The Dark Knight - How do you expand upon what was introduced in 2005 with Batman Begins? How does writer/director Christopher Nolan continue Batman's journey in saving Gotham City from itself? The answer lies in a line of dialogue Harvey Dent (Aaron Eckhart) utters at a dinner between playboy billionaire Bruce Wayne (once again played by Bale) and DA assistant Rachel Dawes (now played by Maggie Gyllenhall): "You either die a hero, or you live long enough to see yourself become a villain." This  statement alone will test Wayne's commitment to being Gotham's watchful protector, and it eventually paints a weary Wayne who wonders if all his efforts are really moving the city toward a better tomorrow.

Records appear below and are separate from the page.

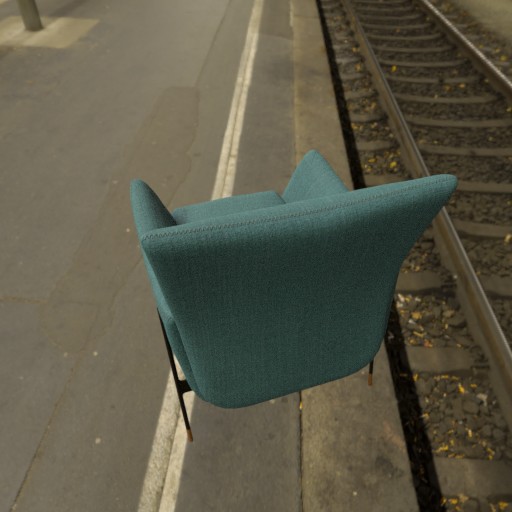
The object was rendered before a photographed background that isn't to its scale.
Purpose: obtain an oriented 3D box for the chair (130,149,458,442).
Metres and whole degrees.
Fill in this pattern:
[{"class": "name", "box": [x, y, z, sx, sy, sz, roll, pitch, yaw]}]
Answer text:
[{"class": "chair", "box": [0.000, 0.000, 1.392, 0.678, 0.859, 0.769, -12, 43, -14]}]
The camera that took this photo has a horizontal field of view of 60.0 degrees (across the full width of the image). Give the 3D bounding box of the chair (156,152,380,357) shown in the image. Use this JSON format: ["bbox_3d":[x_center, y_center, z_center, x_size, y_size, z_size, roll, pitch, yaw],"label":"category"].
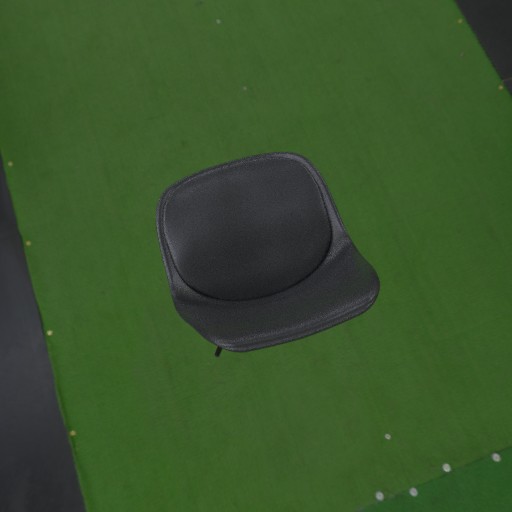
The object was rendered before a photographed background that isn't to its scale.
[{"bbox_3d":[0.000,0.000,1.181,0.461,0.850,0.525,-17,75,-5],"label":"chair"}]
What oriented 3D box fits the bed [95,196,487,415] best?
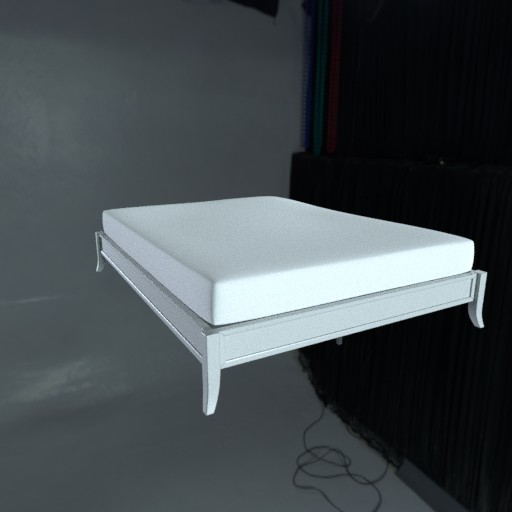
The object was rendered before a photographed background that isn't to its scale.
[{"bbox_3d":[0.000,0.000,2.806,1.604,0.510,2.108,-8,17,-28],"label":"bed"}]
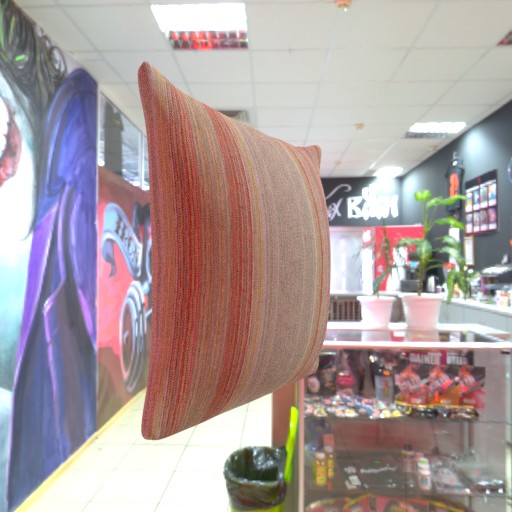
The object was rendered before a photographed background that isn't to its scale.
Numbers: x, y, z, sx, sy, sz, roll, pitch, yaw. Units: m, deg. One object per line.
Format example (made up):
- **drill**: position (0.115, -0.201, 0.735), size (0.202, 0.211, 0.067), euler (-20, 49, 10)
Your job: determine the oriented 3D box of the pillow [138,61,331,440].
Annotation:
- **pillow**: position (0.000, 0.000, 0.691), size (0.191, 0.449, 0.451), euler (-1, -1, 35)
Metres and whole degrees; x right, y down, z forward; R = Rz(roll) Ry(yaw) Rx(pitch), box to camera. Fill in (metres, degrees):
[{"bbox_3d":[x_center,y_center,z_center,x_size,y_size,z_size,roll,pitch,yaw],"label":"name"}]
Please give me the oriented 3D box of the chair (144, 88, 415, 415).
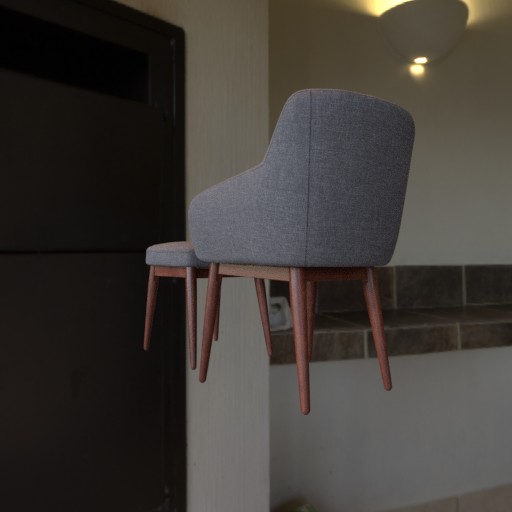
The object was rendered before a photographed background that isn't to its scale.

This statement will also test Gotham's new District Attorney as everything he cares about and it will test Jim Gordon (Oldman) and the deals he's willing to make for the greater good. This statement lies at the heart of Nolan's sprawling and epic crime drama/sequel to his Batman trilogy. A criminal mastermind known only as The Joker (Heath Ledger, in his last completed work before his untimely death in 2008) comes into Gotham, just as Batman, Gordon and Dent are on the cusp of delivering a final blow to the Falcone crime family that has long terrorized the city, by hitting them where it hurts: their pocketbooks. At first, this psychotic clown robs from the mob for kicks, but this, as it turns out, was merely done to get their attention. his ultimate goal is anarchy: complete and total anarchy. He kidnaps and kills Gotham's important citizens, such as the Commissioner, a Judge, etc. and blows up hospitals and he hijacks boats for his own amusement.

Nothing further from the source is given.